Selon l’édition allemande de The Epoch Times, cinq professeurs de chimie allemands se sont adressés à l’IPE pour mettre en doute la sécurité du vaccin BioNTech/Pfizer face à la multiplication des rapports faisant état de dommages causés par le vaccin.
Par exemple, une étude danoise datant de mars 2023 indique que des lots spécifiques causent des dommages particulièrement graves et importants, et que neuf lots du vaccin BioNTech/Pfizer auraient causé la moitié de tous les décès signalés au Danemark en lien avec la vaccination.
Ces lots correspondent à ceux que Tobias Ulbrich a extraits de sa base de données de victimes de vaccins qui ont demandé une assistance juridique à son cabinet d’avocats de Düsseldorf. Depuis qu’il a publié ces numéros de lots, toute personne souffrant d’effets secondaires présumés du vaccin Covid-19 peut comparer les lots avec ce qui est documenté sur son carnet de vaccination.
Après l’étude danoise au PEI, une avocate, le Dr Franziska Meyer-Hesselbarth, a exigé la publication de tous les rapports de décès survenus après une vaccination contre la Covid-19. Elle a de plus explicitement demandé les numéros de lots respectifs.
Dr Franziska Meyer-Hesselbarth a reçu une réponse de l’IPE indiquant que les lots de vaccins potentiellement mortels étaient inconnus et que, souvent, aucun numéro de lot n’était indiqué, alors que la réglementation stipule que les médecins et les personnes concernées doivent fournir ces numéros.
Le 18 août 2023, l’IPE a déclaré qu’elle n’avait trouvé aucune accumulation de rapports de cas suspects d’effets secondaires de vaccins après la vaccination BioNTech, liée à un lot, dans une évaluation de l’étude interne « SafeVac 2.0 ». Toutefois, l’« étude SafeVac 2.0 » interne de la PEI aurait enregistré les lots de vaccins.
L’IPE n’a pas voulu fournir une ventilation des rapports sur les effets secondaires de la vaccination avec les lots de vaccins associés, ni une ventilation des effets secondaires en question.
Bien que l’IPE dispose d’une ventilation des décès basés sur des rapports d’activités suspectes, celle-ci se réfère principalement à des groupes d’âge.

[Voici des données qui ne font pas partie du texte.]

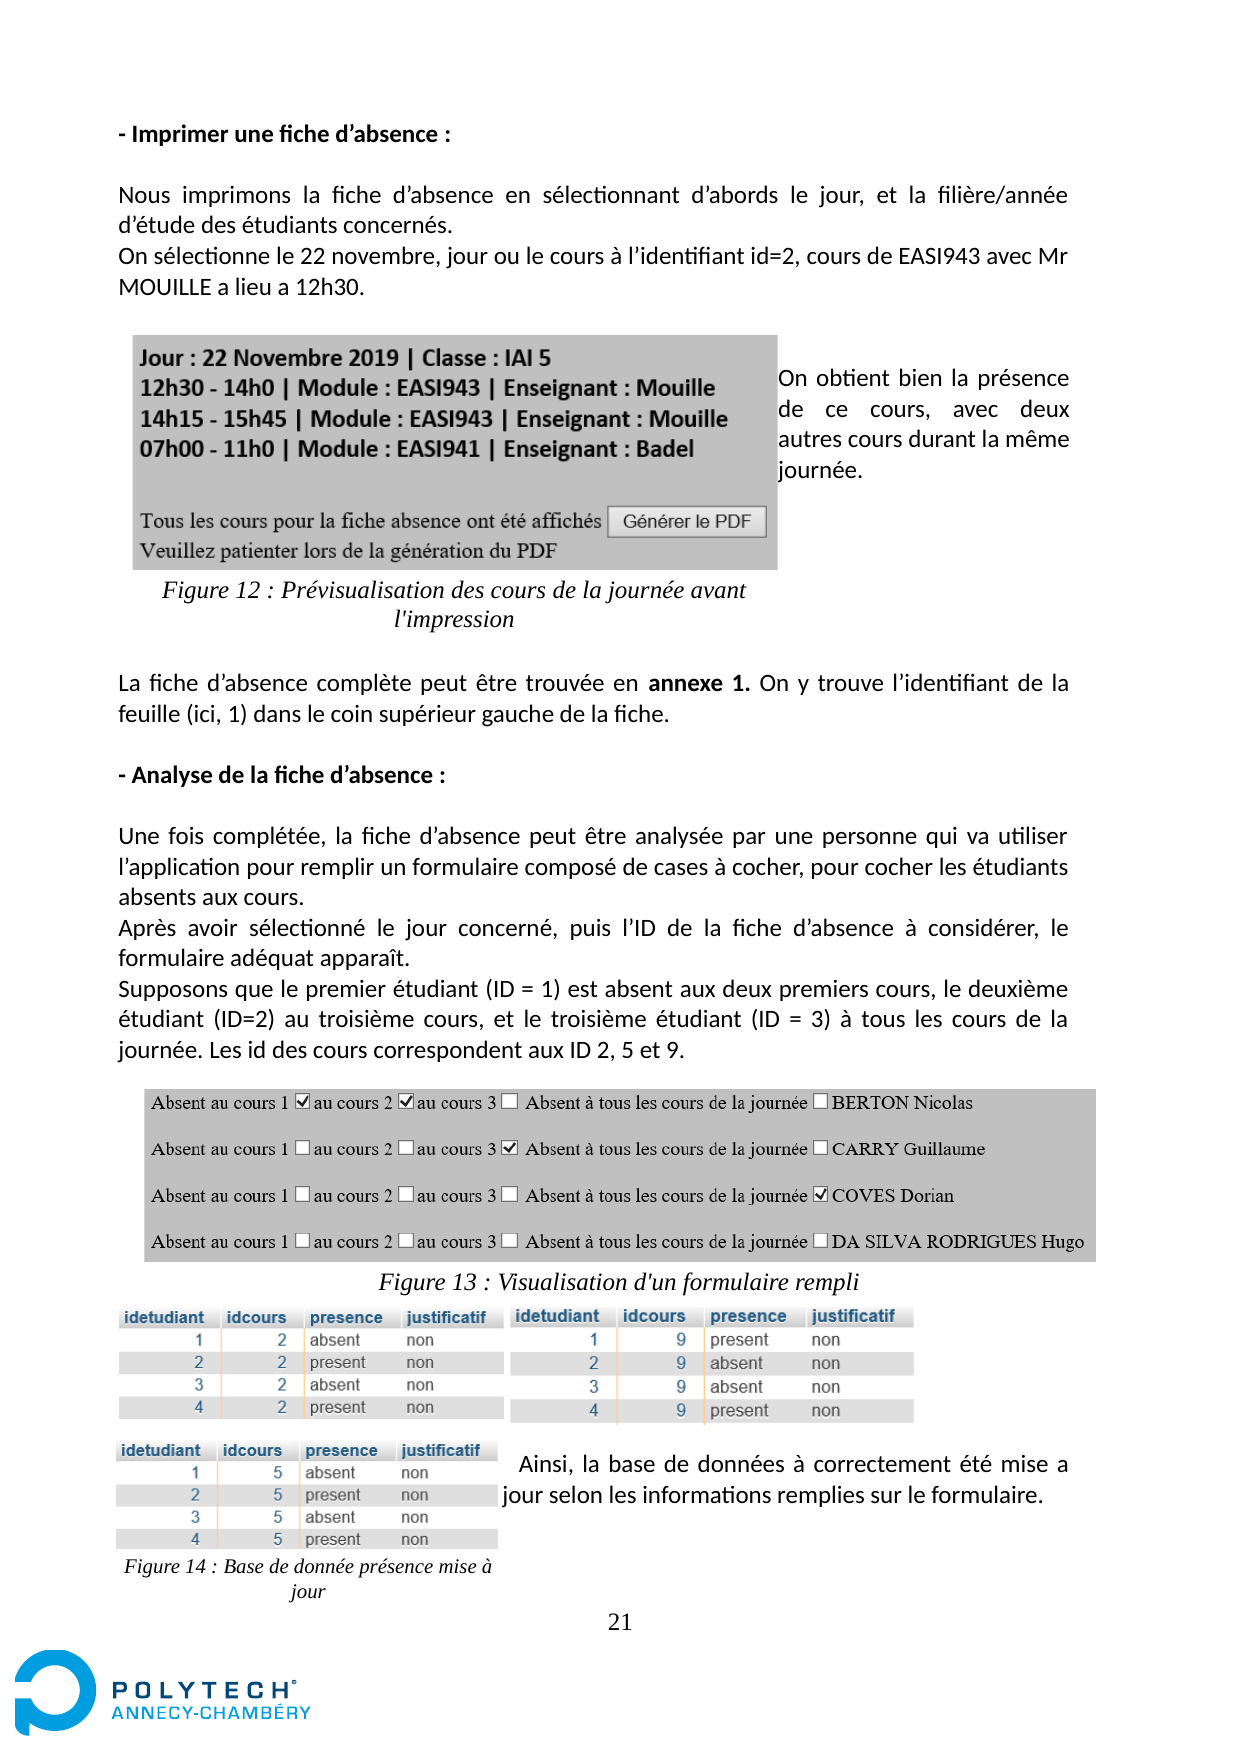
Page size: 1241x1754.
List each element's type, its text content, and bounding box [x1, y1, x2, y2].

text La fiche d’absence complète peut être trouvée en annexe 1. On y trouve l’identifiant de la feuille (ici, 1) dans le coin supérieur gauche de la fiche. [118, 667, 1070, 728]
text Nous imprimons la fiche d’absence en sélectionnant d’abords le jour, et la filière/année d’étude des étudiants concernés. [118, 179, 1070, 240]
text - Analyse de la fiche d’absence : [118, 759, 1070, 789]
text Figure 12 : Prévisualisation des cours de la journée avant l'impression [133, 570, 778, 633]
text Figure 13 : Visualisation d'un formulaire rempli [144, 1262, 1096, 1296]
picture [510, 1307, 916, 1425]
text Une fois complétée, la fiche d’absence peut être analysée par une personne qui va utiliser l’application pour remplir un formulaire composé de cases à cocher, pour cocher les étudiants absents aux cours. [118, 820, 1070, 912]
text On sélectionne le 22 novembre, jour ou le cours à l’identifiant id=2, cours de EASI943 avec Mr MOUILLE a lieu a 12h30. [118, 240, 1070, 301]
picture [144, 1089, 1096, 1262]
text Ainsi, la base de données à correctement été mise a jour selon les informations remplies sur le formulaire. [502, 1448, 1070, 1509]
picture [116, 1439, 502, 1549]
text Figure 14 : Base de donnée présence mise à jour [116, 1549, 502, 1603]
picture [117, 1307, 506, 1419]
text - Imprimer une fiche d’absence : [118, 118, 1070, 149]
text On obtient bien la présence de ce cours, avec deux autres cours durant la même journée. [778, 362, 1070, 484]
picture [132, 335, 778, 570]
text Après avoir sélectionné le jour concerné, puis l’ID de la fiche d’absence à considérer, le formulaire adéquat apparaît. [118, 912, 1070, 973]
text Supposons que le premier étudiant (ID = 1) est absent aux deux premiers cours, le deuxième étudiant (ID=2) au troisième cours, et le troisième étudiant (ID = 3) à tous les cours de la journée. Les id des cours correspondent aux ID 2, 5 et 9. [118, 973, 1070, 1064]

Dans ce contexte, les numéros de lots ne sont pas collectés et une affectation correspondante est impossible.
Dommages possibles à l’ADN
Un autre problème de sécurité des vaccins concerne l’ADN étranger trouvé à plusieurs reprises dans les lots de Corminaty de Pfizer. Après des enquêtes menées aux États-Unis et en Allemagne, il a été confirmé que certaines préparations d’ARNm seraient contaminées au-delà des valeurs maximales ou limites admissibles.
Les conséquences peuvent être incalculables : L’ADN étranger peut entraîner une production permanente de protéines de pointe et un risque accru de cancer ou de réactions auto-immunes. Il s’avère que l’IPE n’a jamais testé la contamination par du matériel génétique des lots de vaccins à ARNm au cours du processus d’approbation.
Lorsque des scientifiques ont demandé à l’IPE et au ministère fédéral de la santé si l’enquête sur la contamination aurait pu prévenir de nombreux effets secondaires du vaccin, les autorités responsables ont donné des réponses condescendantes ou évasives, voire ont refusé de répondre, a rapporté TheEpoch Times.